Blockchain technology is a peer-to-peer open distributed transaction process that can construct transactions of two parties securely and efficiently. Blockchain technology is secure and not susceptible to hacking because, once recorded, the data in any block can’t be updated retroactively without changing all subsequent blocks.

Is Blockchain Private and Secure?

According to the blockchain basics, Blockchain is sort of like Facebook News Feed that gives a live update to its users whenever a new status posted. Similarly, the blockchain network works in the same manner. Anyone can view the data in it but when a user tries to connect their portable computers to the blockchain network, the computer automatically receives a copy of the blockchain and updated automatically when the new block added. 

In the blockchain hierarchy, there are millions of copies of the same blockchain but everyone is unique. There is not a single account of events that can’t be managed with blockchain, and a hacker would need to manipulate every copy of the blockchain on that particular network. In the blockchain system transactions are not fully anonymous. Their data is restricted to their digital signature or username.

In a blockchain system, when a block adds at the end of the row,  then it’s really difficult to go back and put some alternative data into the block after erasing the original content. Each block assigns its hash and every hash created by a math function driven by an algorithm that molds the digital info into some letter and number contain a string. A hacker needs an immense and improbable amount of computing power to replace the content of every block. 

The Three Pillars of Blockchain Technology:

blockchain-pillars

The three main sections of Blockchain Technology and blockchain basics which have assisted it to gain extensive recognition are as follows:

#Pillar 1: Decentralization:

Decentralization is the most prominent characteristic of Blockchain. Being a P2P gateway, no single institution can command the blockchain network. It’s just maintained by a group of coders, run by an open network of dedicated computers scattered around the world.

#Pillar 2: Transparency:

Transparency in blockchain signifies every single transaction is public with an open view. As a blockchain explorer with a public user address, it’s feasible to view it. Earlier, the financial institutions were able to use the consumers’ fund but at this point, blockchain doesn’t sustain that. Blockchain is a classified database that can transparently record every digital transaction.

#Pillar 3: Immutable:

The most frequent word that we apprehend about the blockchain is permanent and the whole operation of the blockchain system is designed to be perpetual means durable. Blockchain is a one-directional process and never changing where a piece of data can enter.

In the blockchain database, a list of sequential data called a block that is continuously storable and refillable. The trusted nature of blockchain is legitimate and also validated by multiple participants.

Applications and Use Cases of Blockchains?

Digital Identification:

Blockchain technology allows every individual new ownership rights based on digital relationships. It is surprisingly interesting because the blockchain solution provides an opportunity to make an influential digital identity. 

Tokenization:

A unique physical item authentication, paired with a digital token. The main aim of the token is to convert the physical data into digital data. For supply chain management, the Digi tokens are very useful for fraud detection and anti-counterfeiting.

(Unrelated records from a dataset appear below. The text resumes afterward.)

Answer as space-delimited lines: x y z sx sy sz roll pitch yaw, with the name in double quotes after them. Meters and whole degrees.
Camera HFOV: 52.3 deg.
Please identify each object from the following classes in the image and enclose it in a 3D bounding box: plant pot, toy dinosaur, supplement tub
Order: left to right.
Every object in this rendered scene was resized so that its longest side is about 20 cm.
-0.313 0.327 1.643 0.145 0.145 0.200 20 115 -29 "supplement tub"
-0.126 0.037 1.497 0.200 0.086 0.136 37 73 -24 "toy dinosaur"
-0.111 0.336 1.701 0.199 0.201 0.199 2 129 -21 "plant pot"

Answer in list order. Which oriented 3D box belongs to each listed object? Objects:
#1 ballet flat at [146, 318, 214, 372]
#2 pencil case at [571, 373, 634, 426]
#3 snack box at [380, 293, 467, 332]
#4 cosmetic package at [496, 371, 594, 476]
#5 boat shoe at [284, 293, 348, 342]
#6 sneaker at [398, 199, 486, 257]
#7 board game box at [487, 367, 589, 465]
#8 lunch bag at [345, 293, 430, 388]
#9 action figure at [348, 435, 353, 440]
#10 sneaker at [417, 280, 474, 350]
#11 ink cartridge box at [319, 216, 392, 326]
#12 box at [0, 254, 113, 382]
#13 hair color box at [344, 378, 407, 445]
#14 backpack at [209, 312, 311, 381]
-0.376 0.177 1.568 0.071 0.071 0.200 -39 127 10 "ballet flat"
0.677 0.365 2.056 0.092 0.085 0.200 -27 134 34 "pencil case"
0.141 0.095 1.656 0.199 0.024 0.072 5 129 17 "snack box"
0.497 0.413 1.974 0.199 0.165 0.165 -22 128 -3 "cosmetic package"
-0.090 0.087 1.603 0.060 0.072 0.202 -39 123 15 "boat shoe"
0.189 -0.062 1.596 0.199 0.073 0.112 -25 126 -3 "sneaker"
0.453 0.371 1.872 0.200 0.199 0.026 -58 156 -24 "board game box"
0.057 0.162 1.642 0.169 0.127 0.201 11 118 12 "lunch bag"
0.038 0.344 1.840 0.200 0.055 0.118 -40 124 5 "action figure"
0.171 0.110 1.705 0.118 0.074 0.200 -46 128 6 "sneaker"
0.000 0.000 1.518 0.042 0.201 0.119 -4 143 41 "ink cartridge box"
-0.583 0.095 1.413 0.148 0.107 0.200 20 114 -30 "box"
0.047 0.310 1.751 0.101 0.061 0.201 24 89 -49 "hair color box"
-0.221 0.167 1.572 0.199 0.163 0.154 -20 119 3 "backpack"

Inter-Organizational Data Management:

Blockchain technology represents an evolution of how digital information is collected and gathered. It means according to the blockchain basics, it’s less about maintaining a database and more further about managing the system record. 

For Audit Trails:

Blockchain uses the client-server infrastructure and offers to create a record automatically, set the rights for who has access to information and, gives the controls on permissions required to view the info.

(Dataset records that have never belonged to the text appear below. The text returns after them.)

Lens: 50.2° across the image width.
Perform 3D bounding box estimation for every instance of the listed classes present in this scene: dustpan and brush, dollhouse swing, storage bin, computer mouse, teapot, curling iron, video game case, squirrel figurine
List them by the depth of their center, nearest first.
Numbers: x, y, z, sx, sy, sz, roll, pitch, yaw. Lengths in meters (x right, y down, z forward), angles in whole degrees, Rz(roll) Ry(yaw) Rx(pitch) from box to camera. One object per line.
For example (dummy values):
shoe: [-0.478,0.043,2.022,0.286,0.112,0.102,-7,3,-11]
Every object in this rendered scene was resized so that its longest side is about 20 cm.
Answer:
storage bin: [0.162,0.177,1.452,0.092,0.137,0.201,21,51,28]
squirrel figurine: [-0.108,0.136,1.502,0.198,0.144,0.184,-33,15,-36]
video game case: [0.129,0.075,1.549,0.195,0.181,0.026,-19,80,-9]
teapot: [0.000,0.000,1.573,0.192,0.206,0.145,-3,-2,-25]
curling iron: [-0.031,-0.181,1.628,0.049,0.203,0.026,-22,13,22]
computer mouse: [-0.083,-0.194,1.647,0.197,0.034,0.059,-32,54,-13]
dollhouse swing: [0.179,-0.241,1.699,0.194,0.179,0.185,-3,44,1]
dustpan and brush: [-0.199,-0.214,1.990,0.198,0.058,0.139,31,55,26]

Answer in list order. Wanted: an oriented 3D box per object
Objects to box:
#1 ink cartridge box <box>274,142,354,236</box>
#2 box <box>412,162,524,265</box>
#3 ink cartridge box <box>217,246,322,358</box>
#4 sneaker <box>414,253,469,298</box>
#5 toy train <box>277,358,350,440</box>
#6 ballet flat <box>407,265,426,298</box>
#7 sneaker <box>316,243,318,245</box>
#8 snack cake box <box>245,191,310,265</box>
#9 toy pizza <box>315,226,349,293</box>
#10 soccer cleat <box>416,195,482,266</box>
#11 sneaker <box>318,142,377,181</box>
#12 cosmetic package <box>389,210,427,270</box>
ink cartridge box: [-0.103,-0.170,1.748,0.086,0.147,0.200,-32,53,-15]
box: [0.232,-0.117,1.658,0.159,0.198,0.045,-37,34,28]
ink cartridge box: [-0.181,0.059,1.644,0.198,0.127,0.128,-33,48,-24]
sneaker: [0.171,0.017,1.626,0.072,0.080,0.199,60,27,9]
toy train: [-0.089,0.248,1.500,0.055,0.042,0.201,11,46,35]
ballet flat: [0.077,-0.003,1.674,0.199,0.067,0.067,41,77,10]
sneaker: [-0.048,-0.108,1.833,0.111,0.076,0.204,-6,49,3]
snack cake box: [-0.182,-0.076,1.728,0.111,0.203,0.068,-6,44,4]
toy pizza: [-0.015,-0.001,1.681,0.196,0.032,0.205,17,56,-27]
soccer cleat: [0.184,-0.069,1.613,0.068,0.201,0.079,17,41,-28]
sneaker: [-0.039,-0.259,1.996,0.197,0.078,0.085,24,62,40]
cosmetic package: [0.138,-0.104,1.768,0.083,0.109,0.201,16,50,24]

What is Blockchain Used for?

IoT

Blockchain is a cryptographically secure, regular updates and a distributed ledger that allows transferring data securely. Using blockchain, IoT enables the secure option and trustful messaging between different IoT devices through IoT networks. When IoT devices make collaboration with blockchain, smart devices become feasible to exchange the data and initiate financial transactions through a decentralized blockchain.  

Stock Trading

The hottest buzzword of this year among the stock marketers and investors is blockchain technology and blockchain basics. In stock trading, the added efficiency in share settlement makes an organized and efficient process when peer-to-peer trade confirmations as opposed to taking three days for clearance.

Sharing Economy

With well-known companies like Uber and Airbnb flourishing, the sharing economy has already proven success. The collaboration of blockchain and shared economy while enabling peer-to-peer payments, blockchain makes a truly decentralized co-operative economy results.

Prediction Markets

With a high degree of accuracy, blockchain proves the crowdsourcing of predictions on probability. The prediction marketers can earn money by buying the appropriate prediction. The “wisdom of the crowd” technology will be fully accurate in the upcoming years and that will maybe the higher payout for the marketers.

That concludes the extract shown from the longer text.